* _WHAT YOU SHOULD DO_
Could you filter the data below down to the lines that hold the word "color"?

(Extracted data entries)

----

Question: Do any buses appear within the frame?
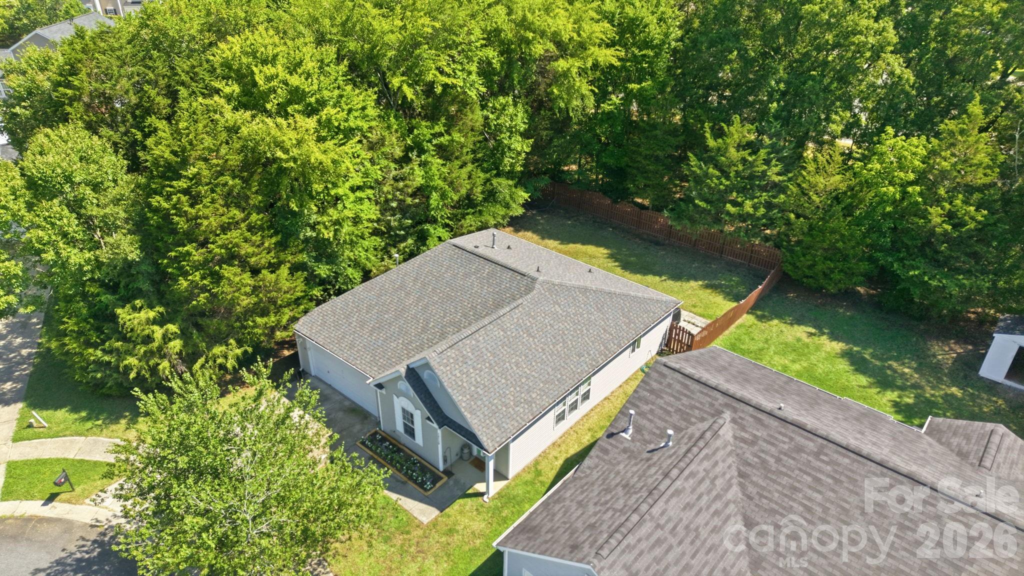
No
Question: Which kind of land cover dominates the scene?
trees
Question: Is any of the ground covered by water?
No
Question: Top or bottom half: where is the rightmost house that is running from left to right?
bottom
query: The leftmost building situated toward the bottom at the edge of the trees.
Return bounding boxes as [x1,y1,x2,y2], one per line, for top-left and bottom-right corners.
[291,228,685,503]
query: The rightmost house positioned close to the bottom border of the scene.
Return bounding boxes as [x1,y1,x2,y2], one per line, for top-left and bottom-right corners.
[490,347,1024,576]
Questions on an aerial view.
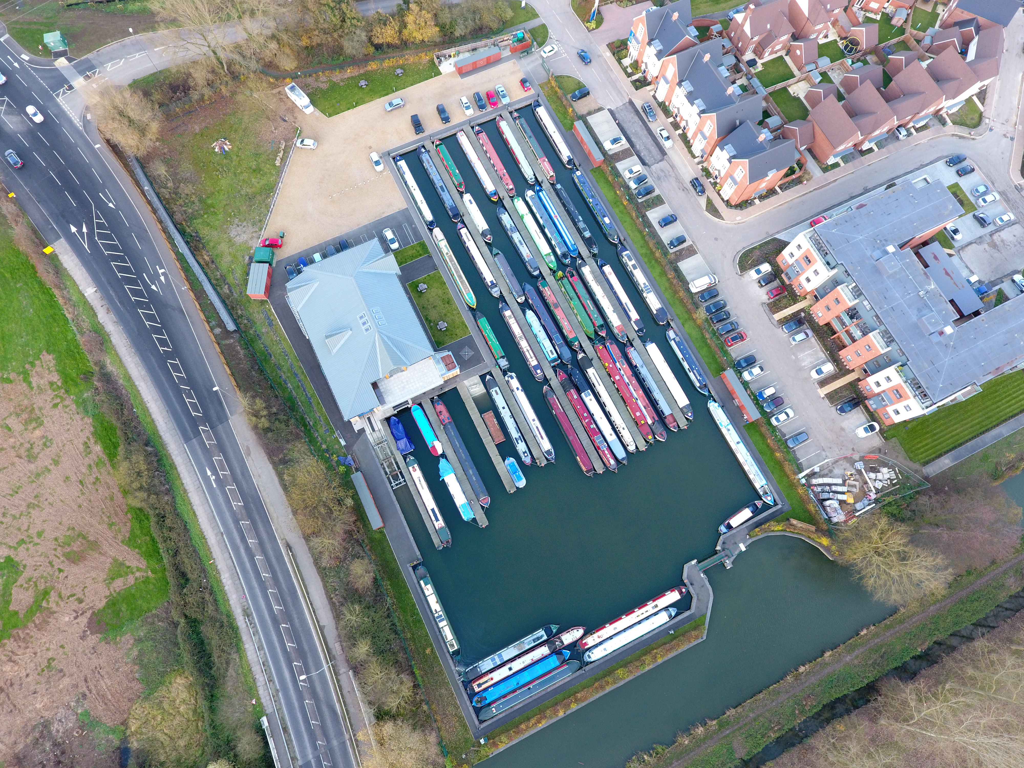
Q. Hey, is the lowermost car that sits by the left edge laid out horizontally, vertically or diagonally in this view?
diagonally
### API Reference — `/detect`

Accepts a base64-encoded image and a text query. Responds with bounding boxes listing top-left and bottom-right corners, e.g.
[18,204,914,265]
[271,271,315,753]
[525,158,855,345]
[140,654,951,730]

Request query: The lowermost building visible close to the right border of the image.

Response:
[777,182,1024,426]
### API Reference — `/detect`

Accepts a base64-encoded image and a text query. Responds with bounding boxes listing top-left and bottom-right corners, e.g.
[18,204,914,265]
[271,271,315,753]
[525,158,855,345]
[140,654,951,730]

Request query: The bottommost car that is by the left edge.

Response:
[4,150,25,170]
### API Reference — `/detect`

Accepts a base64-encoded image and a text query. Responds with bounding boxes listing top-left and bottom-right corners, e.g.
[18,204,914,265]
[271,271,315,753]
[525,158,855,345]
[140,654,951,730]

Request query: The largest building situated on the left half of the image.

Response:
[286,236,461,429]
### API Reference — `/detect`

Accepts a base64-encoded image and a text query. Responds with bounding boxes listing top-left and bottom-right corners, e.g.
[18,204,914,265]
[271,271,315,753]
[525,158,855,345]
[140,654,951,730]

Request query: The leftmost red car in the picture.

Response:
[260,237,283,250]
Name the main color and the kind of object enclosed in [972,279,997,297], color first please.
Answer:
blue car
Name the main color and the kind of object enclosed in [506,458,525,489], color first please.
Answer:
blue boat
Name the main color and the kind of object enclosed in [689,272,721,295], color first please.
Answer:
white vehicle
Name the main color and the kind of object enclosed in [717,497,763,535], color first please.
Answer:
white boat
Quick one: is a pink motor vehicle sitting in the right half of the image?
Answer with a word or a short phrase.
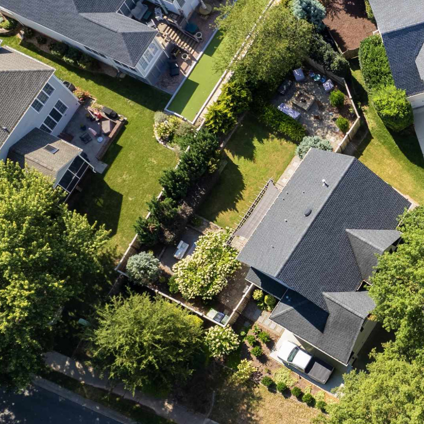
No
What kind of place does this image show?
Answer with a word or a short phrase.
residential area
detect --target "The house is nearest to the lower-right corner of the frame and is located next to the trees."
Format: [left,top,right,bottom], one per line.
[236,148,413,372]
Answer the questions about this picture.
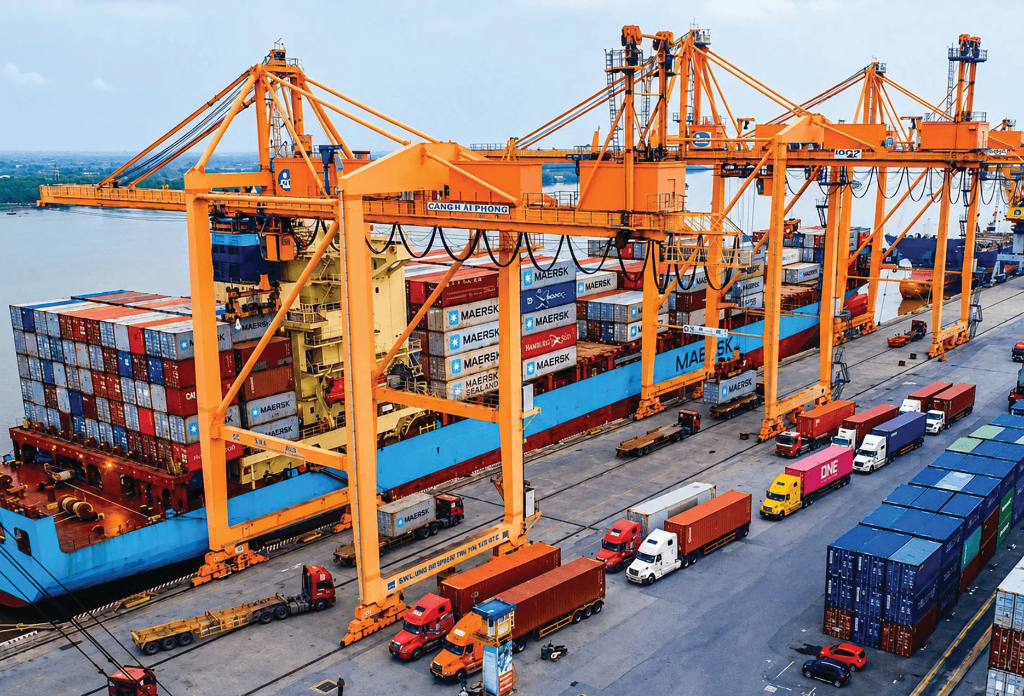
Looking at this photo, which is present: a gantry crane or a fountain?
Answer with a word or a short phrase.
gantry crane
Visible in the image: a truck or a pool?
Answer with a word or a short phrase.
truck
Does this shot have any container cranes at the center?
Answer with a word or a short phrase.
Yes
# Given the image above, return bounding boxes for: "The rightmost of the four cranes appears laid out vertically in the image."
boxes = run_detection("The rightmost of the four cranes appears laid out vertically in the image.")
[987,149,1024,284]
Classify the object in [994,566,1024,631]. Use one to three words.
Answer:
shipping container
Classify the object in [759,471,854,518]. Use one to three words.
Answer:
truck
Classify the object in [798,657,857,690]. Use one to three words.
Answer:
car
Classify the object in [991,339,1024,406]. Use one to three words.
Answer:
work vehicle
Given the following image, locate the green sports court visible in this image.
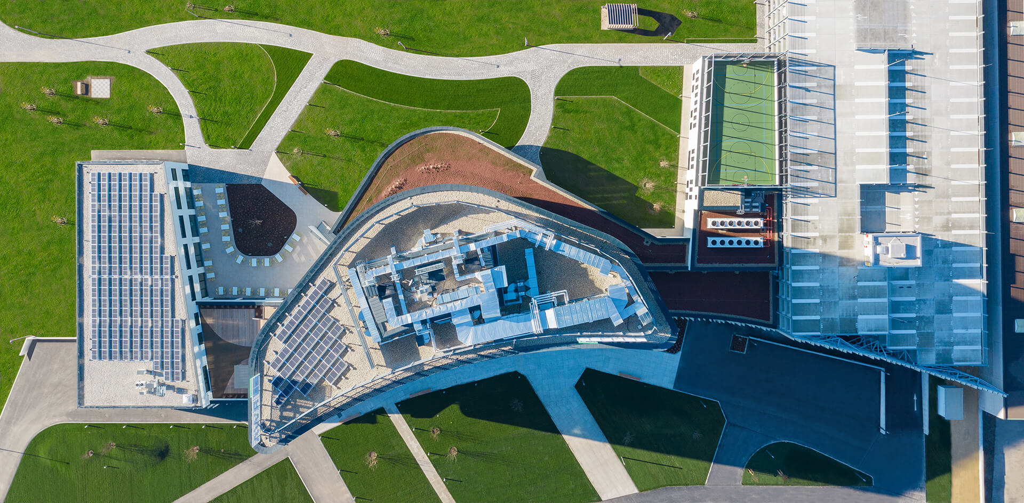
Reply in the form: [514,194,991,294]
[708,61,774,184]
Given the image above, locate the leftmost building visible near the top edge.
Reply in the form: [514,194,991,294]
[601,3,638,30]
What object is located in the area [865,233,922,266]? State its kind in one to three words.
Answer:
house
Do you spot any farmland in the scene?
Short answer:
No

----

* _SOLUTION FOR THIS PROBLEM_
Name the main color and the kind of object enclosed in [972,279,997,297], color first please.
Name the main color and the kind of object enclosed in [506,458,525,489], color first please.
Name the main color and the kind of object enclosed in [689,272,721,295], color first please.
Name the main color and the kind of object enclosed in [717,497,763,535], color first please.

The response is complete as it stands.